You are viewing a plain text version of this content. The canonical link for it is here.

Posted to user@hbase.apache.org by Sever Fundatureanu <fu...@gmail.com> on 2012/07/01 22:22:46 UTC

Re: Finding the correct region server

Hello,

You can find a great explanation of HBase file locality in HDFS here
http://www.larsgeorge.com/2010/05/hbase-file-locality-in-hdfs.html .
The short answer is that HBase file locality improves with time since files
are recreated during compactions as close as possible to the RS running
node in the order local, rack or remote-rack.
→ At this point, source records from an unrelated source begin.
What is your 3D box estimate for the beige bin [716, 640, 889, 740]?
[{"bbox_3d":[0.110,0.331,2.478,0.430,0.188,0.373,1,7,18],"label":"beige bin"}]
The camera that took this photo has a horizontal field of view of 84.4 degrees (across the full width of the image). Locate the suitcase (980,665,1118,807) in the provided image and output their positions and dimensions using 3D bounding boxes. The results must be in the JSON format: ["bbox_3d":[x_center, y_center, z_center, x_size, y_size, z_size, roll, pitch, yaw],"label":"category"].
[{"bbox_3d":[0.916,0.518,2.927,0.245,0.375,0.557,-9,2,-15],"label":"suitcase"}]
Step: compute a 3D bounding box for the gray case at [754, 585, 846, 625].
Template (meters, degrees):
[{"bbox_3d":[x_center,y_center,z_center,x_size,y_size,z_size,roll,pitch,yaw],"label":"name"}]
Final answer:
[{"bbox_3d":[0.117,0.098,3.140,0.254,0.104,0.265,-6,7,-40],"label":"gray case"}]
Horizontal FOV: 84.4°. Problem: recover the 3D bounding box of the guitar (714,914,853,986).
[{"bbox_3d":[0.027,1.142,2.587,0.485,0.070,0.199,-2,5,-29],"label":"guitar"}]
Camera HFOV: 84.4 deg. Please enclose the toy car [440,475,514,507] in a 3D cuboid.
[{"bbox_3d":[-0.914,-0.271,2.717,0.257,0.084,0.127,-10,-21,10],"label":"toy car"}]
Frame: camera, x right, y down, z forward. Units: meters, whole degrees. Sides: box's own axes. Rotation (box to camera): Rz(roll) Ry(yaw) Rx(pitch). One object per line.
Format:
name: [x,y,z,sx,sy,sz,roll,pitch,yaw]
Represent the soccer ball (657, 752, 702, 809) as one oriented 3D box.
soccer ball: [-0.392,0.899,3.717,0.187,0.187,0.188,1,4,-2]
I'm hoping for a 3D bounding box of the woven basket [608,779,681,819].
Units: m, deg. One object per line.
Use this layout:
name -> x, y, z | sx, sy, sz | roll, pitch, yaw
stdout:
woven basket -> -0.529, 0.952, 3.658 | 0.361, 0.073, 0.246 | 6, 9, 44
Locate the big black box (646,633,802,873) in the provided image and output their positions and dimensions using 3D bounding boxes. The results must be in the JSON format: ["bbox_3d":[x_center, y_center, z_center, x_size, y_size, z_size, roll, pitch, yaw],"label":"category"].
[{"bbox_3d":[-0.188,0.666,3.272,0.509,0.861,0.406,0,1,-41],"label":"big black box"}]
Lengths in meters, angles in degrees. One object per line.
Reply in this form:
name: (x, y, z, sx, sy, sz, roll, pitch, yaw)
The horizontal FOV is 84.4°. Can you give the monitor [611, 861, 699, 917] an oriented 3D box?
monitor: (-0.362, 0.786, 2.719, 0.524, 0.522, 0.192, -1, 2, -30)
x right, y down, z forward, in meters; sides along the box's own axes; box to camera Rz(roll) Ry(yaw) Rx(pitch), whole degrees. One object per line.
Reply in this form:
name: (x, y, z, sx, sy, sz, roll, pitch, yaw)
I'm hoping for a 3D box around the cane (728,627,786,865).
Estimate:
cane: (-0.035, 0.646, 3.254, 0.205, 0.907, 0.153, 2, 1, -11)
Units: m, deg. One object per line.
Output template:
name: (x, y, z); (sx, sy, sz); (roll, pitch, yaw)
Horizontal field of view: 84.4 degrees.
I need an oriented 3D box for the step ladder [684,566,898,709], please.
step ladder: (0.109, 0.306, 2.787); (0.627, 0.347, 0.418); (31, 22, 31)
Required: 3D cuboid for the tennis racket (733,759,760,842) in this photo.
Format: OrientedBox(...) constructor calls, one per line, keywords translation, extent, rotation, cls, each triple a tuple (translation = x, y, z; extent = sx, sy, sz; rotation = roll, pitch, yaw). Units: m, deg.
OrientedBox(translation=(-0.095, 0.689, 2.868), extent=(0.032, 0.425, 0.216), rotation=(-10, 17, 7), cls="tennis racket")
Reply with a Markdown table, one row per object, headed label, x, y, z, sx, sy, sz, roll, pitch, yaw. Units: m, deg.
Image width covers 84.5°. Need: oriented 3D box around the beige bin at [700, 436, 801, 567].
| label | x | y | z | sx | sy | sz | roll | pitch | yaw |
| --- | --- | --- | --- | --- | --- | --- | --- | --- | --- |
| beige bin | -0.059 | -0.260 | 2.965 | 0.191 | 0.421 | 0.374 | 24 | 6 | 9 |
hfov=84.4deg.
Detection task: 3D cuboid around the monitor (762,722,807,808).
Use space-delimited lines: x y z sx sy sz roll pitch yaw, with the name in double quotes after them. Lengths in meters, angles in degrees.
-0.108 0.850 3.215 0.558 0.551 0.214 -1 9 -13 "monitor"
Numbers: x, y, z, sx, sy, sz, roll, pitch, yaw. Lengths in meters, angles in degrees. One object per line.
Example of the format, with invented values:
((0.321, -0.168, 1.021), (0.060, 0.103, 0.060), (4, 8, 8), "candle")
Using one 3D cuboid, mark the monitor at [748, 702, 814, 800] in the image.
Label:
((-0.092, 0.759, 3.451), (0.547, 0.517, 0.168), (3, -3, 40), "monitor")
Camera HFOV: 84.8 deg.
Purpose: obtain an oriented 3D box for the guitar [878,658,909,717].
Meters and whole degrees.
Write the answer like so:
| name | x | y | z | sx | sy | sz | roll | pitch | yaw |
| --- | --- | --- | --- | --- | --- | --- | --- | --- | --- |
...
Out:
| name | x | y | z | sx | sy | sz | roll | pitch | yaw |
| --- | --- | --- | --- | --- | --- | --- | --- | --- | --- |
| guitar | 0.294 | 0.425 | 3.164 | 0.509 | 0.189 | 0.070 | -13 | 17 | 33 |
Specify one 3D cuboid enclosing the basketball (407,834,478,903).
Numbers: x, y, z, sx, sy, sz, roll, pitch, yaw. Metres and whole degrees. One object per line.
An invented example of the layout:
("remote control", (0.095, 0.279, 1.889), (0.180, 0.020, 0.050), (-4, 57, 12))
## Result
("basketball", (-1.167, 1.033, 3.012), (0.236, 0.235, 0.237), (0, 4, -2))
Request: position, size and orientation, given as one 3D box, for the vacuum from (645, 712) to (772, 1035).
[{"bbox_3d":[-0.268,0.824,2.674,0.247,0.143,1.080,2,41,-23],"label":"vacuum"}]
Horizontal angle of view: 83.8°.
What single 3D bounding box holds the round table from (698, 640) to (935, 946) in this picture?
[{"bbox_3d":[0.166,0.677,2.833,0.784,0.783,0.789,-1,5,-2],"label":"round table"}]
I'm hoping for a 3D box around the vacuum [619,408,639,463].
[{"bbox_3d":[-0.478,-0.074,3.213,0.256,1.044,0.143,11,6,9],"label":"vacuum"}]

So if you don't restart your
cluster for a long time, there is a good chance to find your data locally
on the RS.


On Fri, Jun 29, 2012 at 7:15 PM, Ramchander Varadarajan <
ramsci@yahoo-inc.com> wrote:

> Hi all,
>
> We are evaluating Hbase to store some metadata information on a very large
> scale. As of now, our architecture looks like this.
>
> Machine 1:
>    Runs Client 1
>    Runs Region Server 1
>    Runs Data Node 1
>
> Machine n:
>    Runs Client n
>    Runs Region Server n
>    Runs Data Node n
>
> Now, say, we have only one Region for the data set at the moment and its
> maxing out, and the region is in Region Server 1. If a flood of new
> requests come in to Machine n, and it tries to store the data, will Region
> Server n store it locally on its data node n, or will the requests be
> routed to Region Server 1 and a new region is created there after it splits?
>
> The reason I ask is because I want to see if a Client can be made sticky
> to a region server. That way, if a user with an id 1111 comes in, he will
> be sent to Client 1 all the time, because we know Region Server 1 will have
> his region. We will know that by using his id to figure that out upfront.
> Just trying to minimize the latency further. ( Of course I understand that
> if nodes are down, there will be ways to route the traffic to another host
> to handle the users that fall in that bucket)
>
> thanks in advance
>



-- 
Sever Fundatureanu

Vrije Universiteit Amsterdam